Moderator effect findings so far
One strength of the Jerry Lee Program has been its capacity to detect important moderator effects: not just whether RJCs “work,” but for whom they work more or less well, or even make things worse. Such differences have been found to date for victim gender, offense severity, offender baseline offending frequency, offender drug use, and initially for race in Australia (Strang and Sherman 2015*), although the latter appears to have disappeared in a 15-year follow-up (Sherman et al. 2015a, b*) and will be reported in detail in a separate article.
Post-traumatic stress reduction and gender
If restorative justice were to be rationed on the basis of the greatest benefits it produces for victims, there is good evidence for prioritizing women. The Angel et al. (2014*) analysis of the post-traumatic stress symptoms reduction in London showed that while RJCs reduced PTSS as a main effect, women victims had much higher PTSS levels after burglary and robbery victimizations than male victims did. They also showed much more PTSS reduction after RJCs than men: 46 % were above subclinical levels of PTSS in the female RJC-assigned group compared to 78 % for female controls, while men only had a difference of 37 % RJC-assigned versus 45 % for controls.

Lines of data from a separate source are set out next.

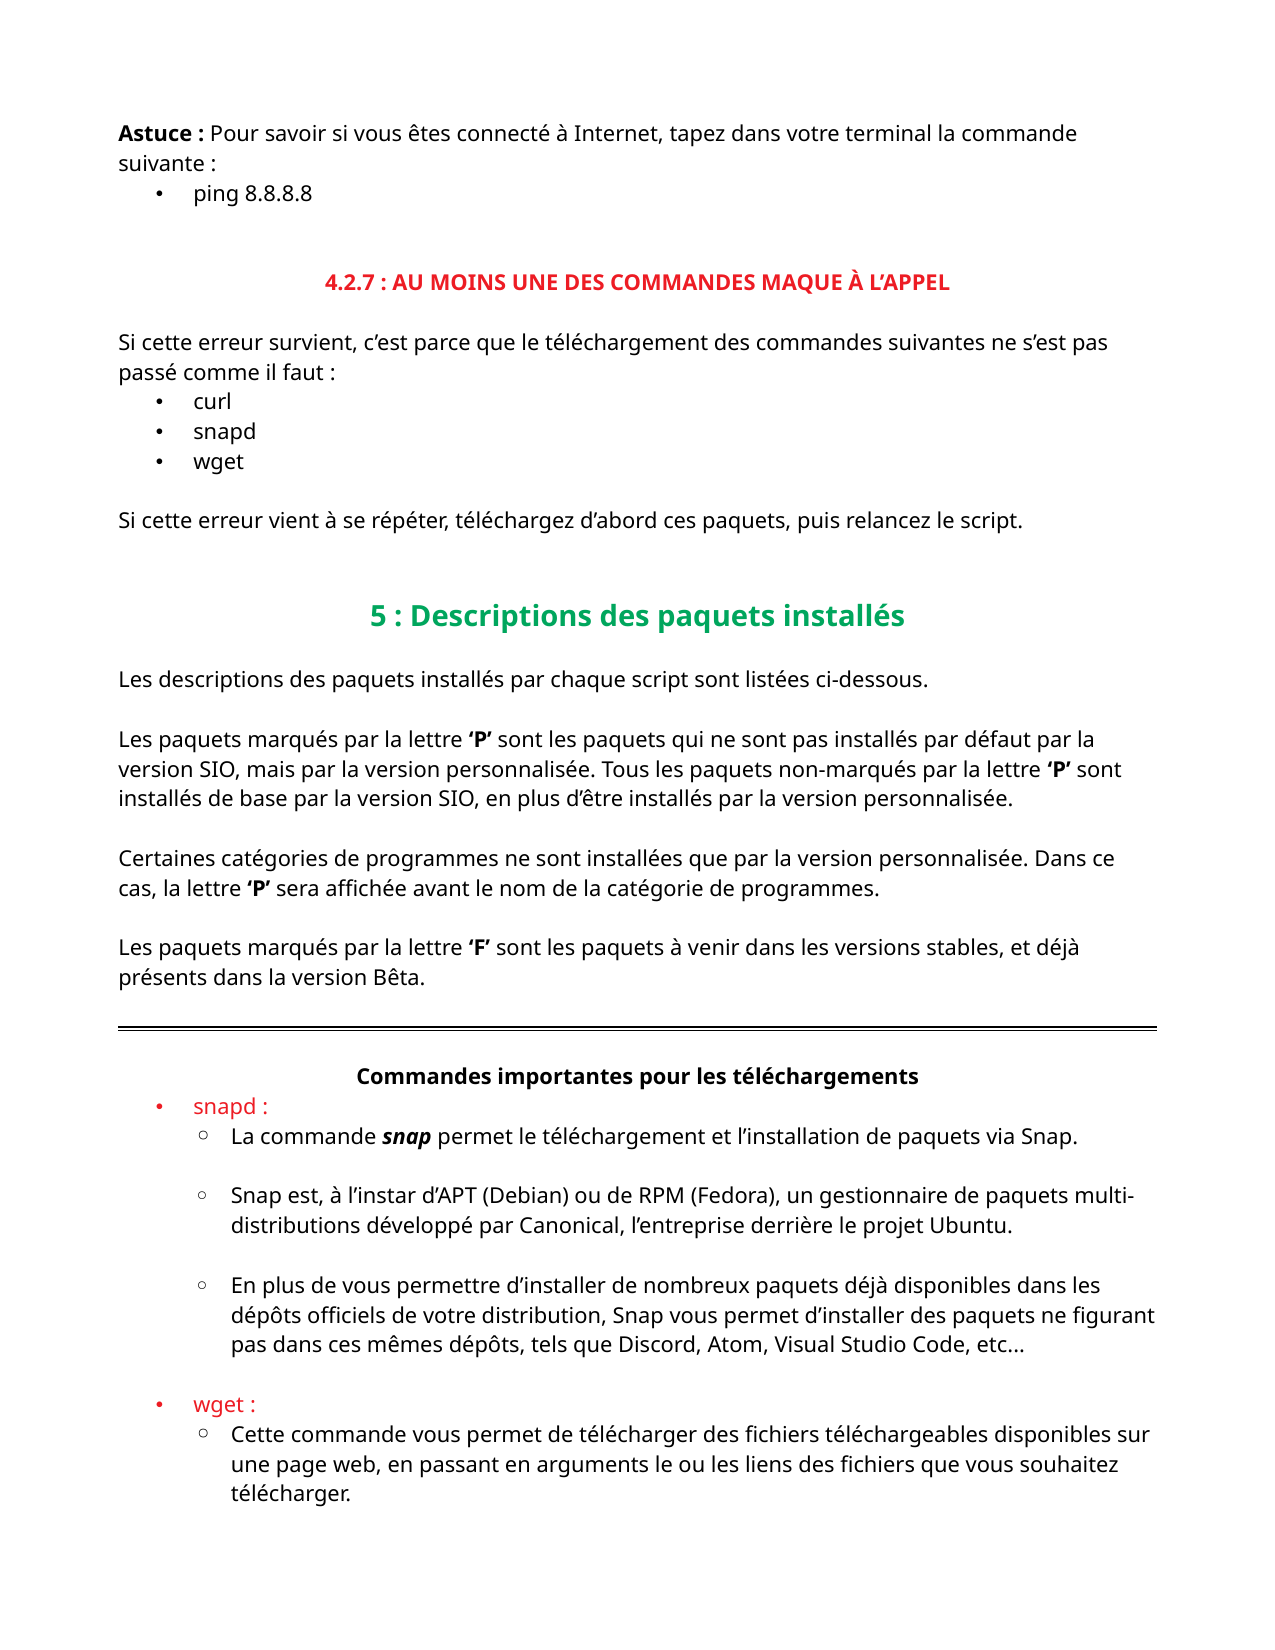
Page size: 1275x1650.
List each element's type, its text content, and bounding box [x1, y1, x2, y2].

list En plus de vous permettre d’installer de nombreux paquets déjà disponibles dans les dépôts officiels de votre distribution, Snap vous permet d’installer des paquets ne figurant pas dans ces mêmes dépôts, tels que Discord, Atom, Visual Studio Code, etc... [193, 1270, 1157, 1359]
text Les paquets marqués par la lettre ‘F’ sont les paquets à venir dans les versions stables, et déjà présents dans la version Bêta. [118, 932, 1157, 992]
list snapd : [156, 1091, 1157, 1121]
text Certaines catégories de programmes ne sont installées que par la version personnalisée. Dans ce cas, la lettre ‘P’ sera affichée avant le nom de la catégorie de programmes. [118, 843, 1157, 903]
list Cette commande vous permet de télécharger des fichiers téléchargeables disponibles sur une page web, en passant en arguments le ou les liens des fichiers que vous souhaitez télécharger. [193, 1419, 1157, 1508]
list La commande snap permet le téléchargement et l’installation de paquets via Snap. [193, 1121, 1157, 1151]
list Snap est, à l’instar d’APT (Debian) ou de RPM (Fedora), un gestionnaire de paquets multi-distributions développé par Canonical, l’entreprise derrière le projet Ubuntu. [193, 1180, 1157, 1240]
list wget [156, 446, 1157, 476]
list curl [156, 386, 1157, 416]
text Les paquets marqués par la lettre ‘P’ sont les paquets qui ne sont pas installés par défaut par la version SIO, mais par la version personnalisée. Tous les paquets non-marqués par la lettre ‘P’ sont installés de base par la version SIO, en plus d’être installés par la version personnalisée. [118, 724, 1157, 813]
text 4.2.7 : AU MOINS UNE DES COMMANDES MAQUE À L’APPEL [118, 267, 1157, 297]
list wget : [156, 1389, 1157, 1419]
text 5 : Descriptions des paquets installés [118, 595, 1157, 634]
list snapd [156, 416, 1157, 446]
text Astuce : Pour savoir si vous êtes connecté à Internet, tapez dans votre terminal la commande suivante : [118, 118, 1157, 178]
text Les descriptions des paquets installés par chaque script sont listées ci-dessous. [118, 664, 1157, 694]
text Si cette erreur survient, c’est parce que le téléchargement des commandes suivantes ne s’est pas passé comme il faut : [118, 327, 1157, 386]
list ping 8.8.8.8 [156, 178, 1157, 207]
text Commandes importantes pour les téléchargements [118, 1061, 1157, 1091]
text Si cette erreur vient à se répéter, téléchargez d’abord ces paquets, puis relancez le script. [118, 505, 1157, 535]
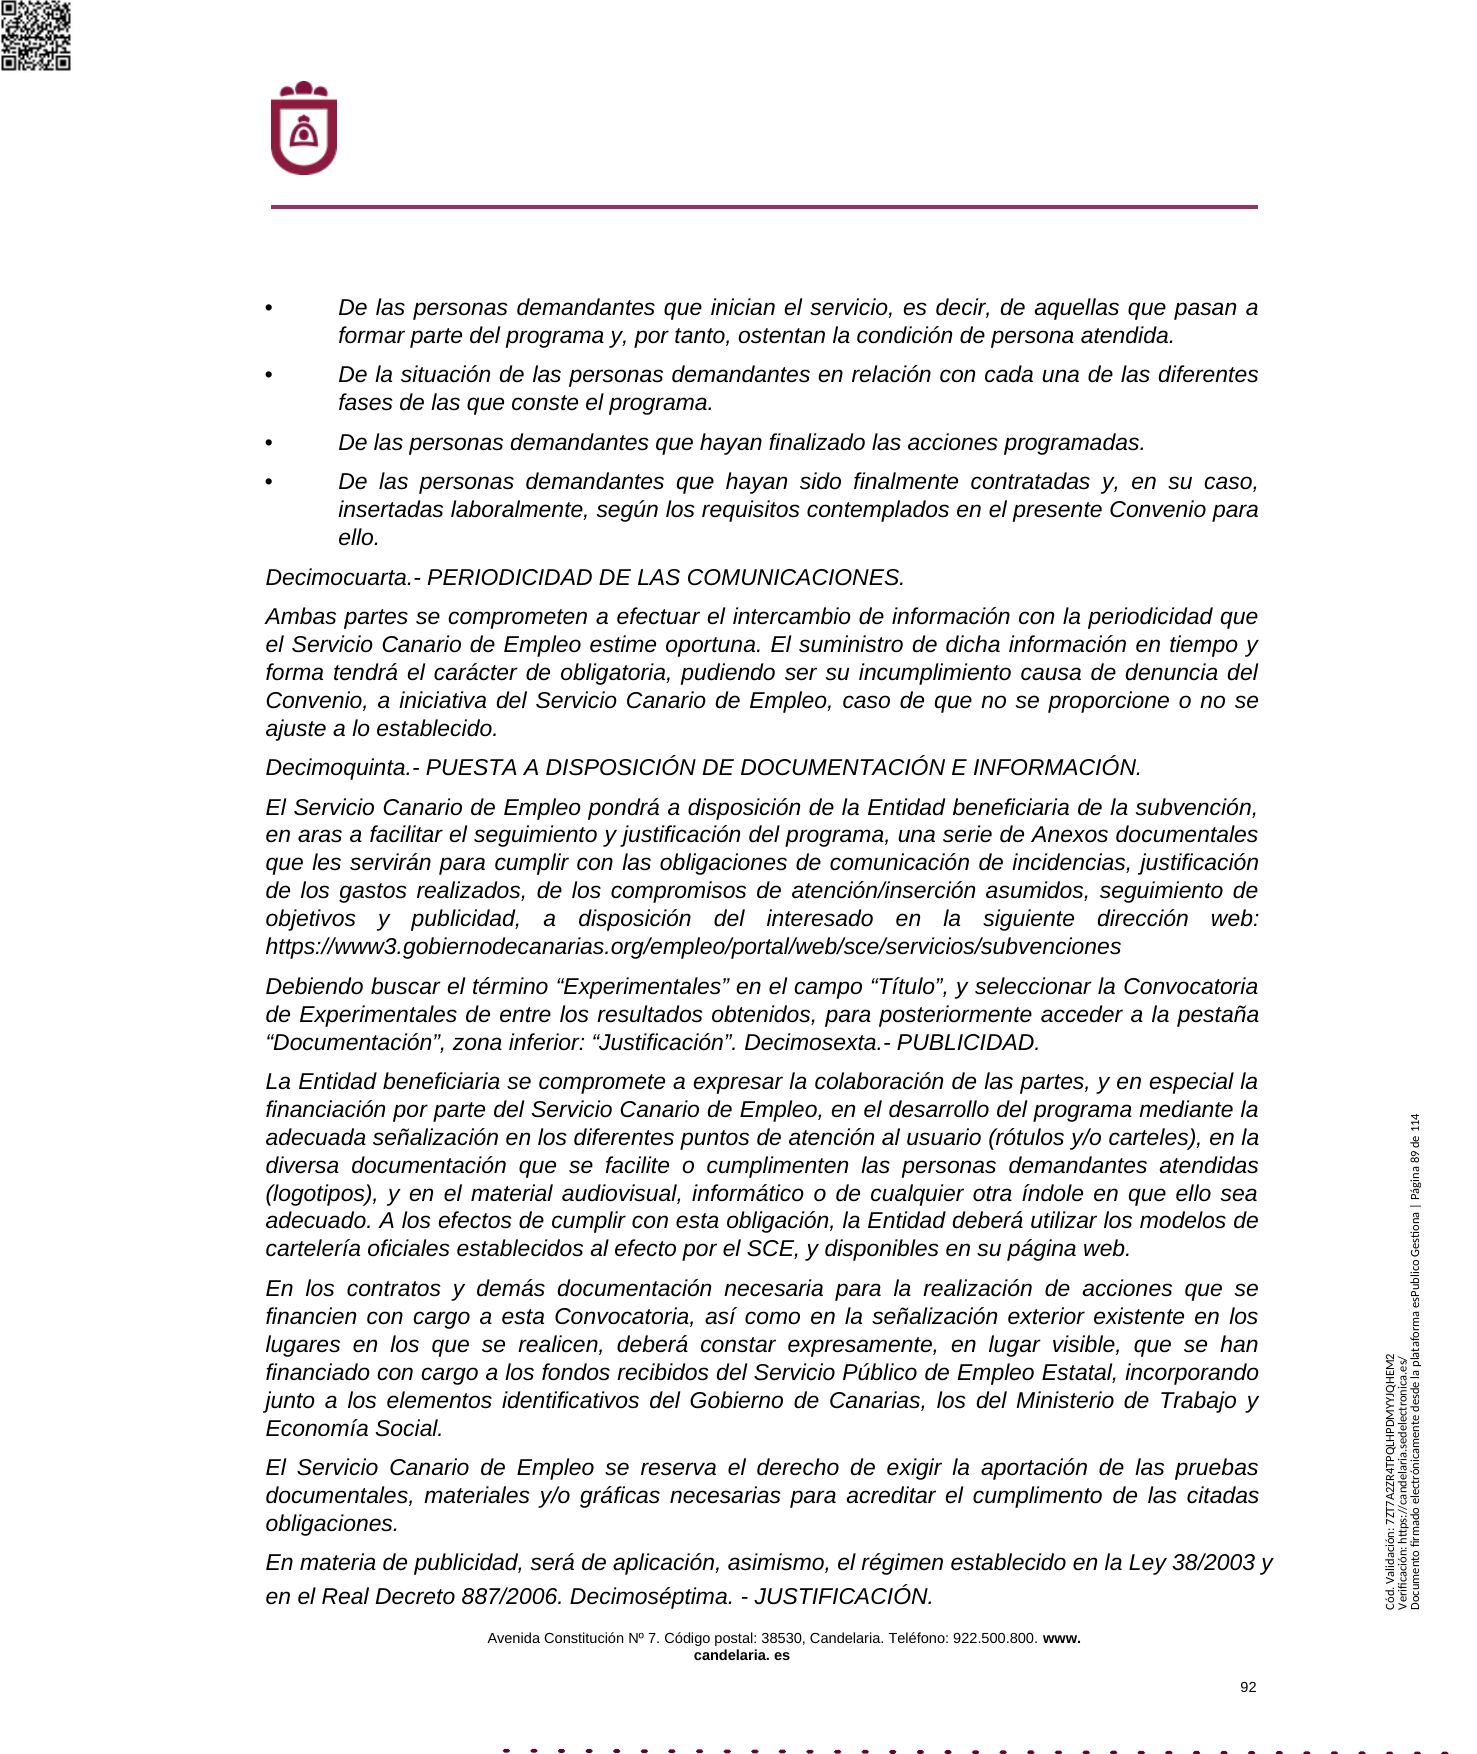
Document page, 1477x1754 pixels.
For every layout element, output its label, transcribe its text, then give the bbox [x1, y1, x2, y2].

text En los contratos y demás documentación necesaria para la realización de acciones que se financien con cargo a esta Convocatoria, así como en la señalización exterior existente en los lugares en los que se realicen, deberá constar expresamente, en lugar visible, que se han financiado con cargo a los fondos recibidos del Servicio Público de Empleo Estatal, incorporando junto a los elementos identificativos del Gobierno de Canarias, los del Ministerio de Trabajo y Economía Social. [265, 1275, 1262, 1441]
text Decimoquinta.- PUESTA A DISPOSICIÓN DE DOCUMENTACIÓN E INFORMACIÓN. [265, 754, 1262, 780]
text Ambas partes se comprometen a efectuar el intercambio de información con la periodicidad que el Servicio Canario de Empleo estime oportuna. El suministro de dicha información en tiempo y forma tendrá el carácter de obligatoria, pudiendo ser su incumplimiento causa de denuncia del Convenio, a iniciativa del Servicio Canario de Empleo, caso de que no se proporcione o no se ajuste a lo establecido. [265, 603, 1262, 741]
text En materia de publicidad, será de aplicación, asimismo, el régimen establecido en la Ley 38/2003 y en el Real Decreto 887/2006. Decimoséptima. - JUSTIFICACIÓN. [265, 1549, 1279, 1609]
list De las personas demandantes que inician el servicio, es decir, de aquellas que pasan a formar parte del programa y, por tanto, ostentan la condición de persona atendida. [264, 294, 1262, 348]
text Decimocuarta.- PERIODICIDAD DE LAS COMUNICACIONES. [265, 563, 1262, 590]
list De las personas demandantes que hayan finalizado las acciones programadas. [264, 429, 1262, 455]
text La Entidad beneficiaria se compromete a expresar la colaboración de las partes, y en especial la financiación por parte del Servicio Canario de Empleo, en el desarrollo del programa mediante la adecuada señalización en los diferentes puntos de atención al usuario (rótulos y/o carteles), en la diversa documentación que se facilite o cumplimenten las personas demandantes atendidas (logotipos), y en el material audiovisual, informático o de cualquier otra índole en que ello sea adecuado. A los efectos de cumplir con esta obligación, la Entidad deberá utilizar los modelos de cartelería oficiales establecidos al efecto por el SCE, y disponibles en su página web. [265, 1068, 1262, 1262]
list De las personas demandantes que hayan sido finalmente contratadas y, en su caso, insertadas laboralmente, según los requisitos contemplados en el presente Convenio para ello. [264, 468, 1262, 550]
text El Servicio Canario de Empleo pondrá a disposición de la Entidad beneficiaria de la subvención, en aras a facilitar el seguimiento y justificación del programa, una serie de Anexos documentales que les servirán para cumplir con las obligaciones de comunicación de incidencias, justificación de los gastos realizados, de los compromisos de atención/inserción asumidos, seguimiento de objetivos y publicidad, a disposición del interesado en la siguiente dirección web: https://www3.gobiernodecanarias.org/empleo/portal/web/sce/servicios/subvenciones [265, 793, 1262, 959]
list De la situación de las personas demandantes en relación con cada una de las diferentes fases de las que conste el programa. [264, 361, 1262, 416]
text Debiendo buscar el término “Experimentales” en el campo “Título”, y seleccionar la Convocatoria de Experimentales de entre los resultados obtenidos, para posteriormente acceder a la pestaña “Documentación”, zona inferior: “Justificación”. Decimosexta.- PUBLICIDAD. [265, 973, 1262, 1055]
text El Servicio Canario de Empleo se reserva el derecho de exigir la aportación de las pruebas documentales, materiales y/o gráficas necesarias para acreditar el cumplimento de las citadas obligaciones. [265, 1454, 1262, 1536]

Repeat offending and offense severity
The Strang et al. (2013*) systematic review of RJC effects on recidivism included a moderator analysis by offense severity. The biggest effect of any moderator in that analysis (including offender age, time at risk, use of conviction outcomes only or including arrests) was the interaction of RJCs with offense severity. The concept of severity was crudely indicated by the instant case being for either a violent crime or a property crime. While one of the RCTs included in the Systematic Review was not part of the Jerry Lee Program, that RCT (McGarrell and Hipple 2007; Jeong et al. 2012) used the same trainers as all the Jerry Lee Program experiments. The overall standardized mean difference in 2-year frequency repeat offending was D = −.163 (P = .001), yet the same measure for only the three property crime-only experiments was D = .001 (P = .989). The meta-analysis of the five violent crime RCTs, however, yielded a standardized mean difference in favor of the RJCs of D = −.198 (P = .045). Thus, it seems fair to say that in general:
Conclusion #16: The average effect of RJCs (compared to CJ) on repeat offending across all three reported property crime experiments was nil, while the average effect of RJCs across five experiments with violent crime was a modest but statistically significant reduction in the frequency of repeat offending.
Repeat offending and offender baseline frequency
Another issue in using RJCs is whether it is best used only for first offenders (as often claimed), and inappropriate with high-frequency offenders since for them it is “too late”: they have become “hardened criminals.” The evidence from the Jerry Lee Program in two hemispheres shows exactly the opposite.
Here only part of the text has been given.